For starters, the specs for the Macbook Pro 13 (Spring 2015) are better than the XPS for a similar cost (how much is of course open to interpretation):
  • Intel 3.1 GHz Core i7-5557U vs  3.0 GHz Core i7-5500U Processor
  • 16 GB (optional) vs 8 GB RAM
  • Intel Iris 6100 vs Intel HD Graphics 5500
  • PCIe based SSD vs SATA
  • Non-touch Retina Display vs touch UltraSharp QHD+ (personally I don't see the value yet in having a touch screen on a Linux laptop, especially considering the screen doesn't completely fold over)
  • Magsafe Power Adapter
  • Proven battery life
I do most of my work via SSH to the Linux systems, so the workstation doesn't have to be Linux, although it makes life much less painful. I figured, what the heck, let's try a BSD like system that has a history of awesome battery life.

Without further ado, here are some of my experiences using a Mac and OSX for the first time as a Linux user.

Useful Applications

  • Oh My Zsh - Trying out Zsh shell as an alternative for Bash for the first time, pretty darn cool.
  • Caffeine - Useful for temporarily preventing the laptop from sleeping (don't kill my SSH or VPN connections, dangit!
  • iTerm2 - Really nice terminal replacement for the builtin OSX terminal. Ton's of features like built in Tmux, search, transparent background, it's own built in auto completion (Cmd ;), etc... This part was what got me searching for a new terminal in the first place "Coming from a Unix world? You'll feel at home with focus follows mouse, copy on select, middle button paste, and keyboard shortcuts to avoid mousing."
  • MagicPrefs - This app lets you configure middle mouse paste functionality on the trackpad (set mine to three finger press)
  • XChat Azure - Excellent IRC client
  • TextWrangler - Extremely nice graphical script editor
  • Microsoft Office 2016 Preview - Because I need it Office work

Graphical Text Editor

I use vi/vim extensively on Linux and now on my Macbook Pro. That said, I do like to edit in a GUI text editor as well. After a good bit of searching around, TextWrangler is the (free) one I've been most happy using.

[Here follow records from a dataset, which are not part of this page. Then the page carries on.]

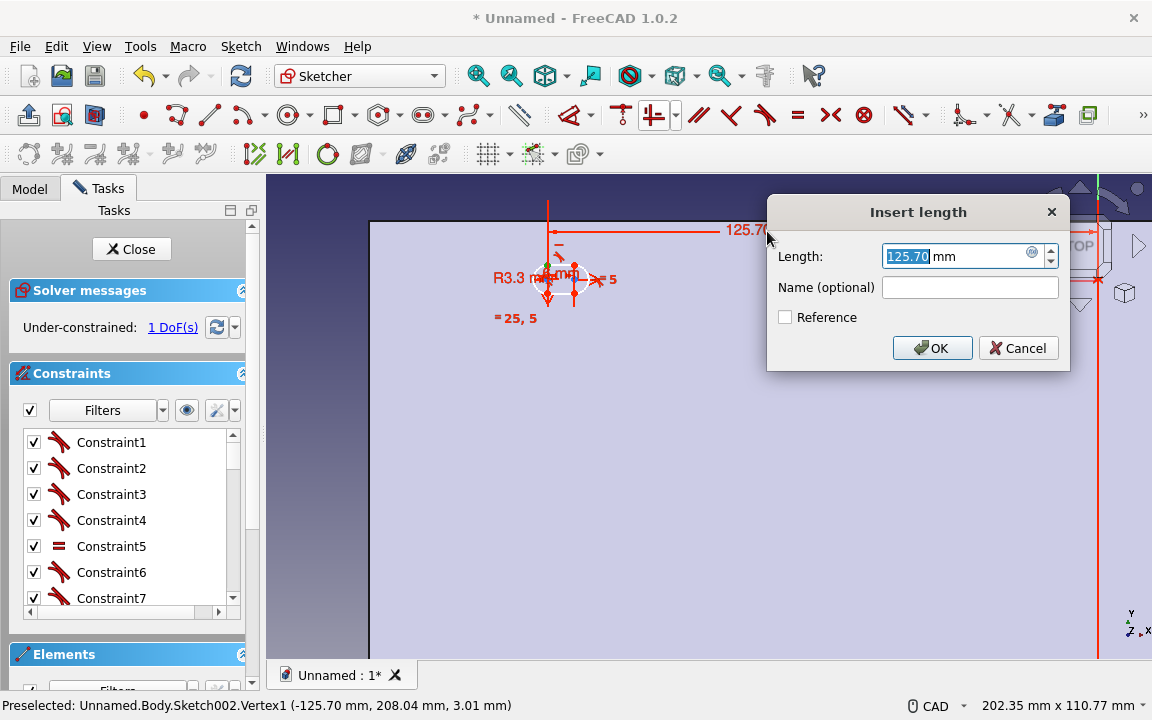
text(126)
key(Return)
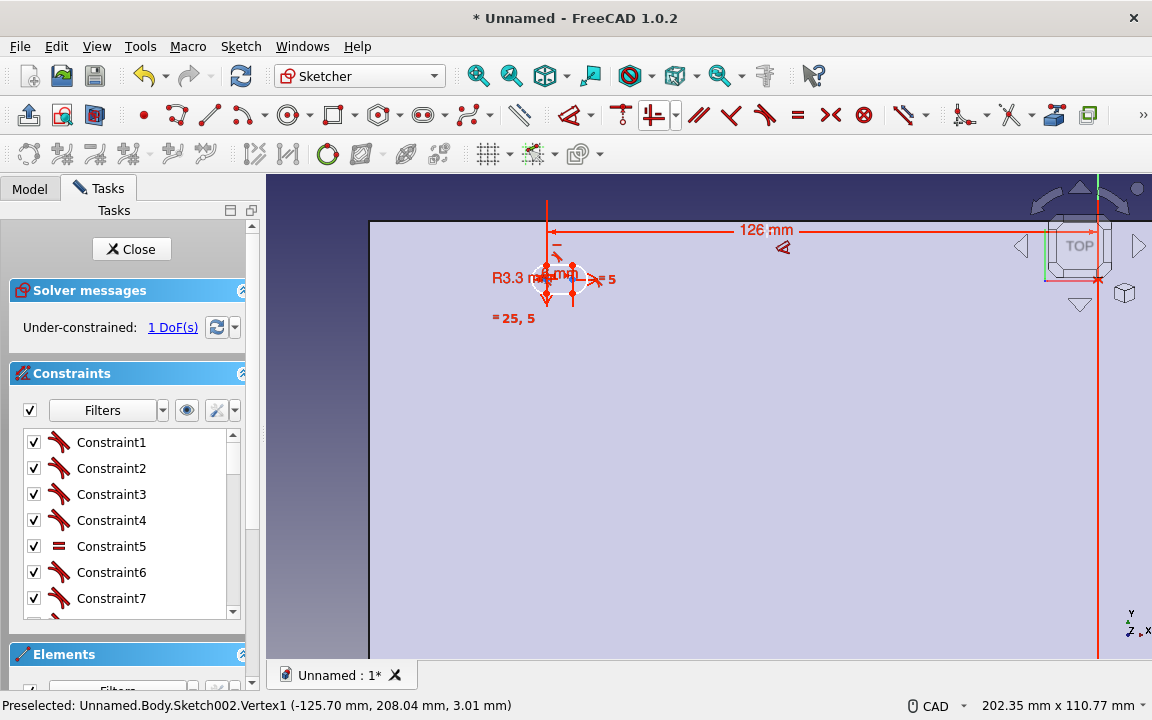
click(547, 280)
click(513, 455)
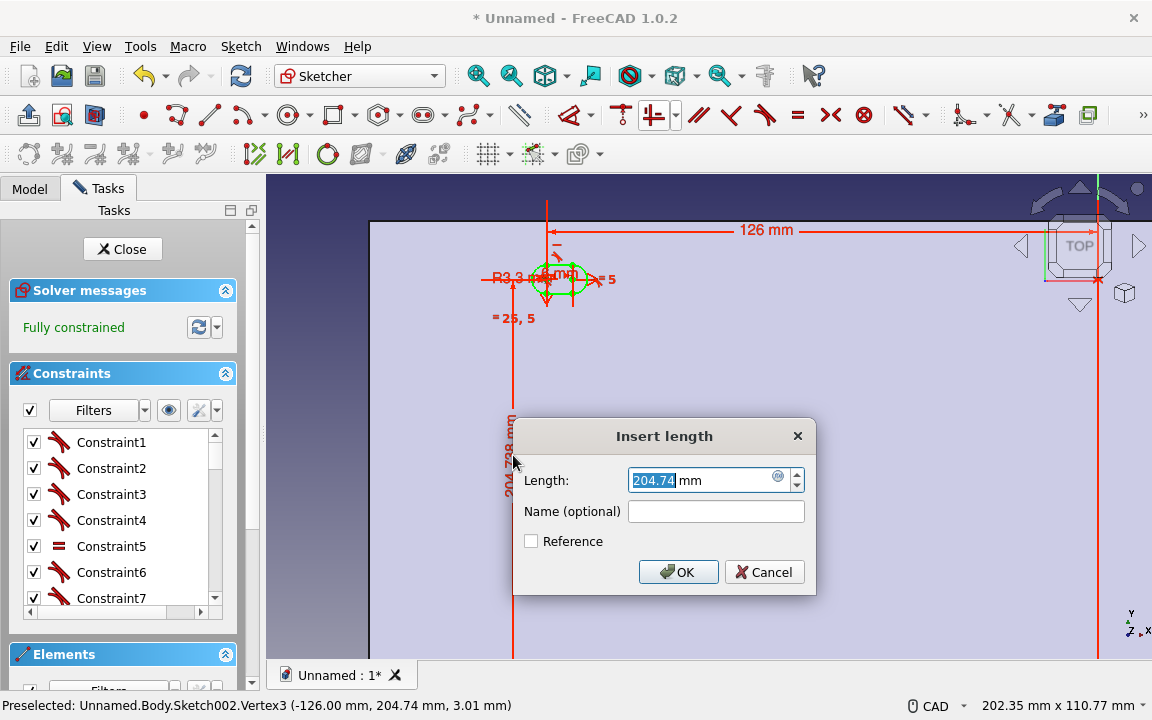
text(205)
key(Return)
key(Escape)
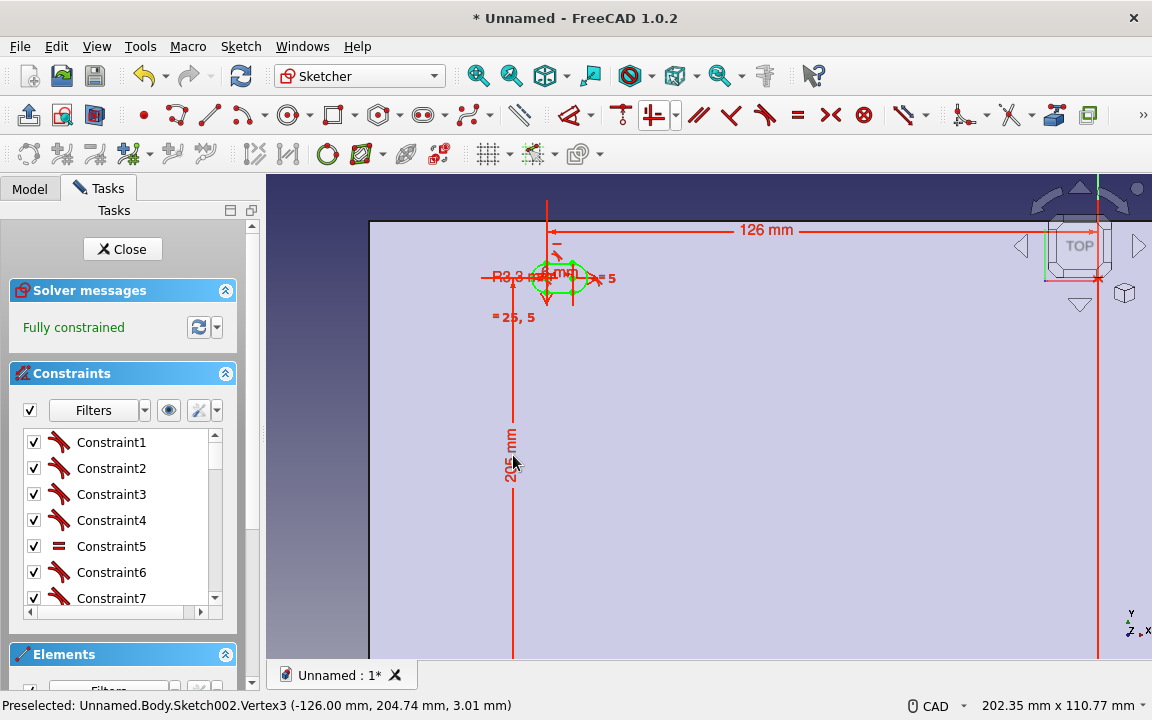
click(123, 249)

The way I understand it, TextWrangler is sort of the little brother to the professional product BBEdit, which adds "its extensive professional feature set including Web authoring capabilities and software development tools". I primarily work with Ruby (shell scripts, not Rails), Perl, Bash, Puppet and other system management type scripting, TextWrangler works very well for these.

One thing I found missing that I use regularly in other editors is the ability to duplicate a line without the cumbersome highlight, copy, paste. Many GUI editors provide this ability using a shortcut like Ctrl + d, or in vi, yy p (yank yank paste).

After searching around in the keyboard shortcuts a Google search led me to this post which mentioned creating an "AppleScript" to accomplish the task. What tha?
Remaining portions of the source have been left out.